*** LISTED ENTRIES ***

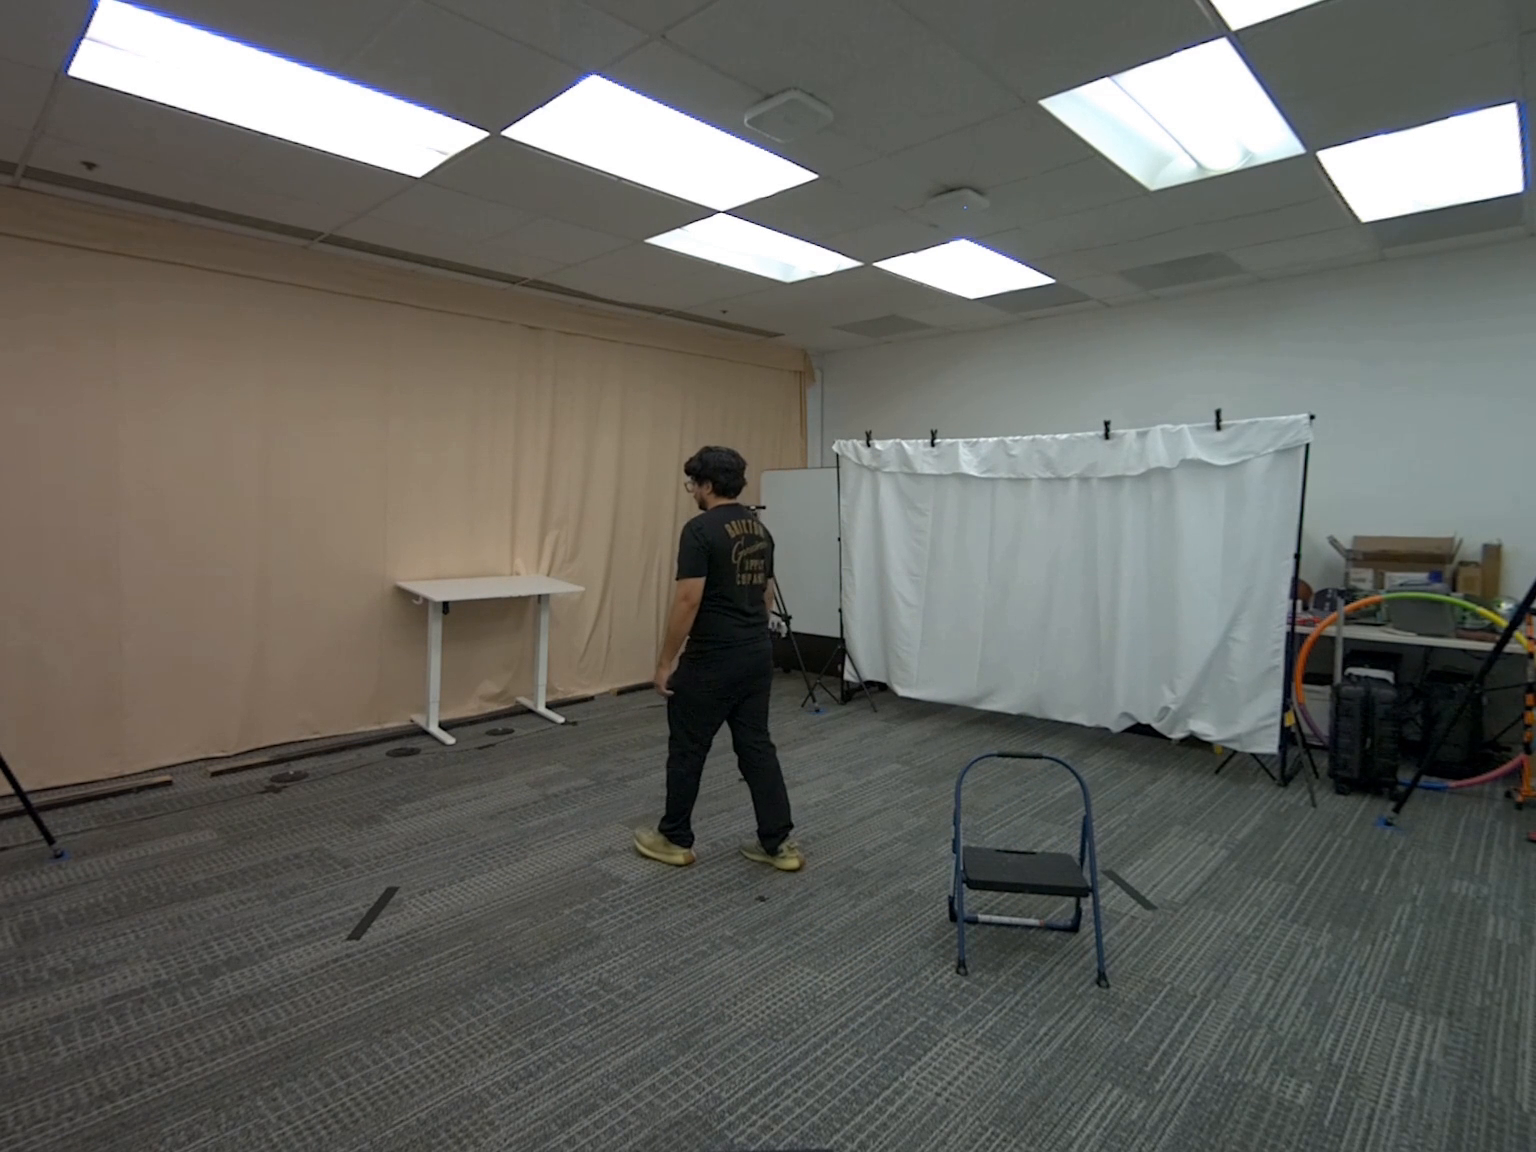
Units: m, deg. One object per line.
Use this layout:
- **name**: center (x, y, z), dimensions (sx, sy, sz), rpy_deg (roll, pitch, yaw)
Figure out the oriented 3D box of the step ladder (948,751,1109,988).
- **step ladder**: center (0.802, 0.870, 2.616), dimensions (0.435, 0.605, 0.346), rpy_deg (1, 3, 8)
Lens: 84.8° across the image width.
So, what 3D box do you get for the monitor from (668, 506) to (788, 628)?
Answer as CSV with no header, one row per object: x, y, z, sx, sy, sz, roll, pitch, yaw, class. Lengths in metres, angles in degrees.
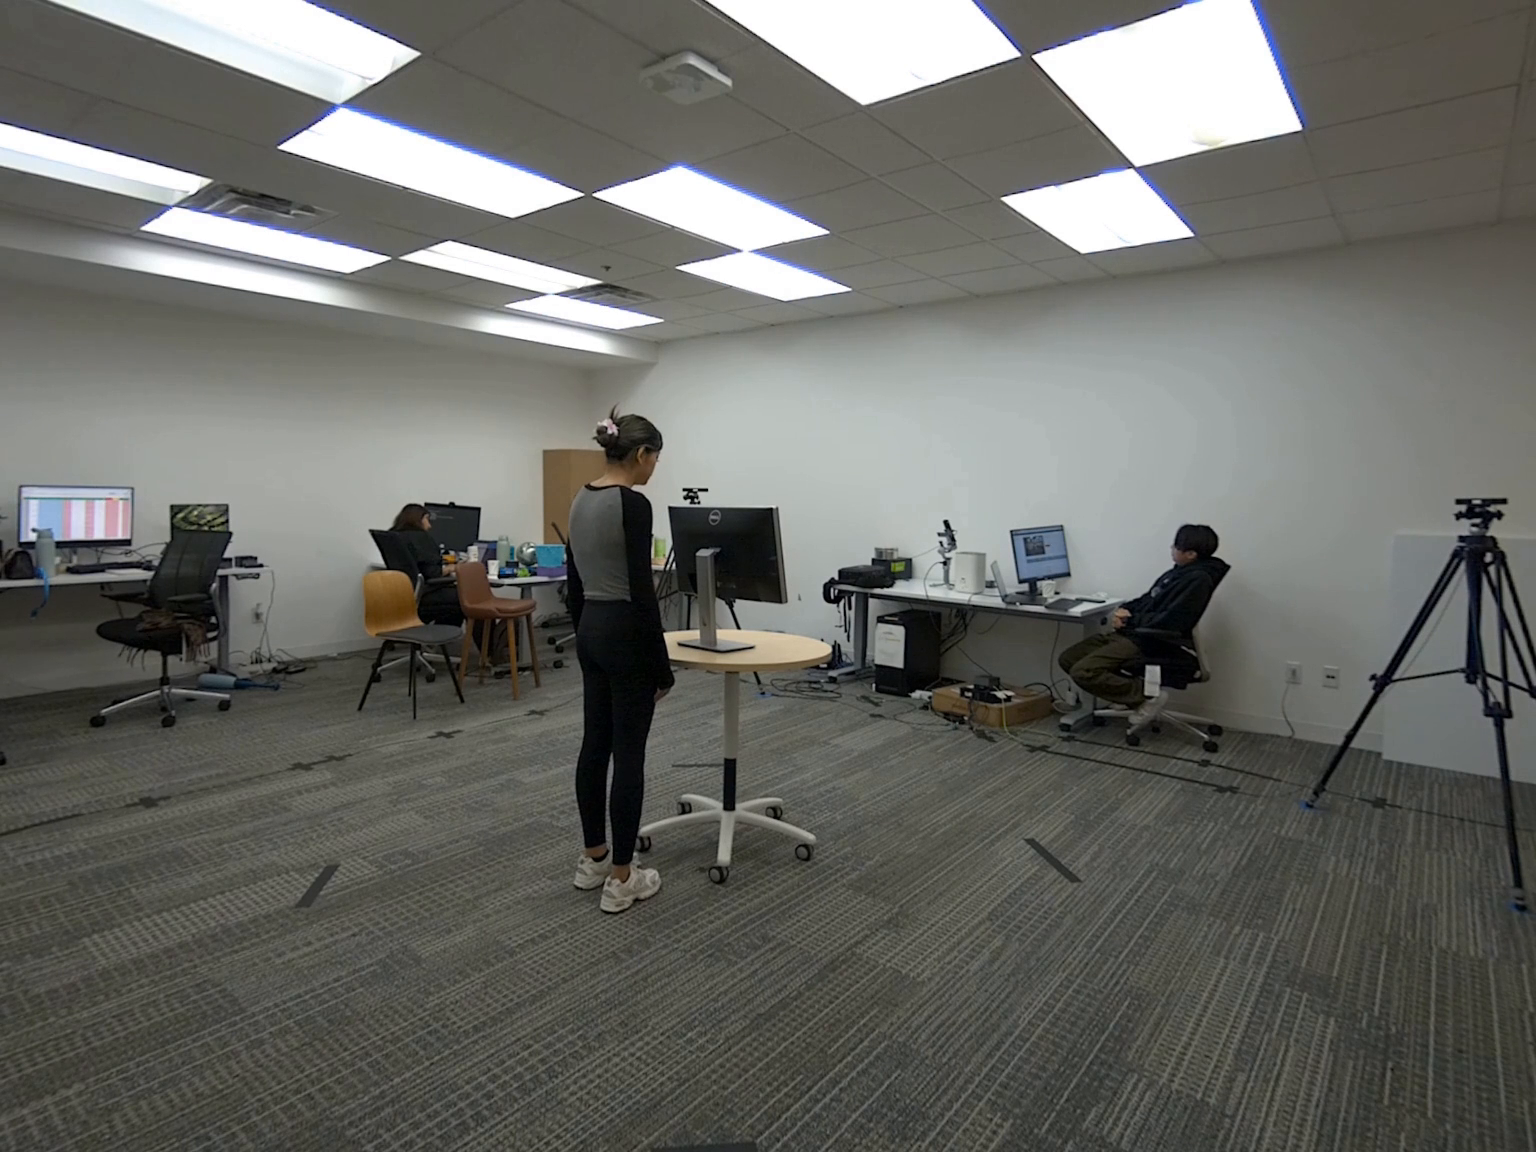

*** End of LISTED ENTRIES ***

## [ACTIVITY]
Report the total of lines above containing the string "roll", and write nothing besides it.

## [FINISHED TASK]
2